### ENTRIES PROVIDED
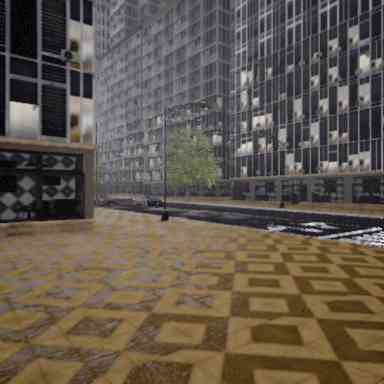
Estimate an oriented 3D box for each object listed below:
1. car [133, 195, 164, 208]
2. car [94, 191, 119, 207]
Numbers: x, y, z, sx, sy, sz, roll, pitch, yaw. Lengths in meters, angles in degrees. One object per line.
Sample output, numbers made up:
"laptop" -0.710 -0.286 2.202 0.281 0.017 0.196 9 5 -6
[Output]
"car" -4.844 1.006 36.758 1.994 1.385 4.181 0 1 -38
"car" -10.423 0.900 38.617 2.033 1.411 5.357 0 1 -38
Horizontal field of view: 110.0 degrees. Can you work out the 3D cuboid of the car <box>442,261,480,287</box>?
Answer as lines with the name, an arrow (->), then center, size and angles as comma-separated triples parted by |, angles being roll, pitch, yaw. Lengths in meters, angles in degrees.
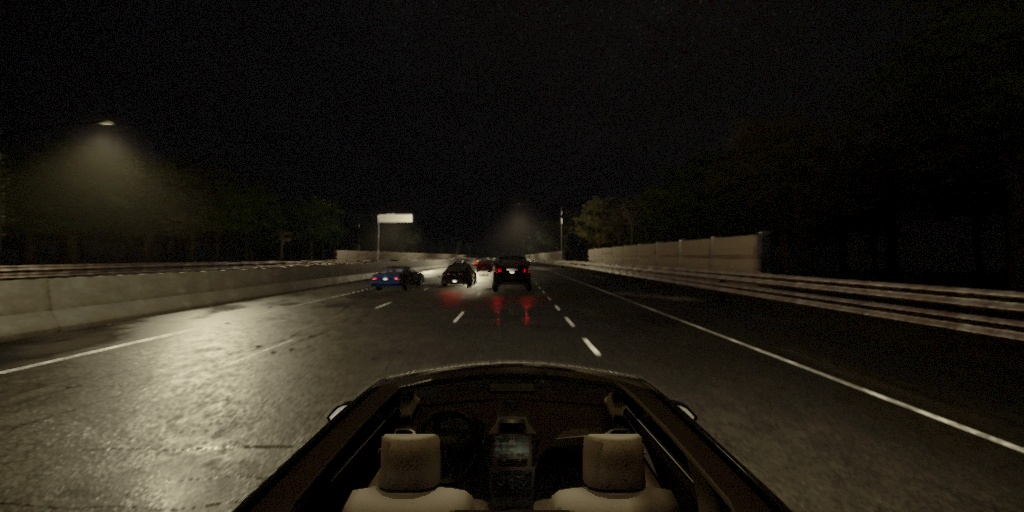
car -> -3.495, 1.279, 24.292 | 1.837, 1.490, 4.892 | 0, 0, 0

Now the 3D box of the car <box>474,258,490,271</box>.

### WHAT YOU WILL DO
Output, word for word, the full listing above, with no pictures.

### EXERCISE RESULT
Estimate an oriented 3D box for each object listed below:
1. car [133, 195, 164, 208]
2. car [94, 191, 119, 207]
Numbers: x, y, z, sx, sy, sz, roll, pitch, yaw. Lengths in meters, angles in degrees. One object per line.
Sample output, numbers made up:
"laptop" -0.710 -0.286 2.202 0.281 0.017 0.196 9 5 -6
[Output]
"car" -4.844 1.006 36.758 1.994 1.385 4.181 0 1 -38
"car" -10.423 0.900 38.617 2.033 1.411 5.357 0 1 -38
Horizontal field of view: 110.0 degrees. Can you work out the 3D cuboid of the car <box>442,261,480,287</box>?
Answer as lines with the name, an arrow (->), then center, size and angles as comma-separated triples parted by |, angles being roll, pitch, yaw. Lengths in meters, angles in degrees.
car -> -3.495, 1.279, 24.292 | 1.837, 1.490, 4.892 | 0, 0, 0

Now the 3D box of the car <box>474,258,490,271</box>.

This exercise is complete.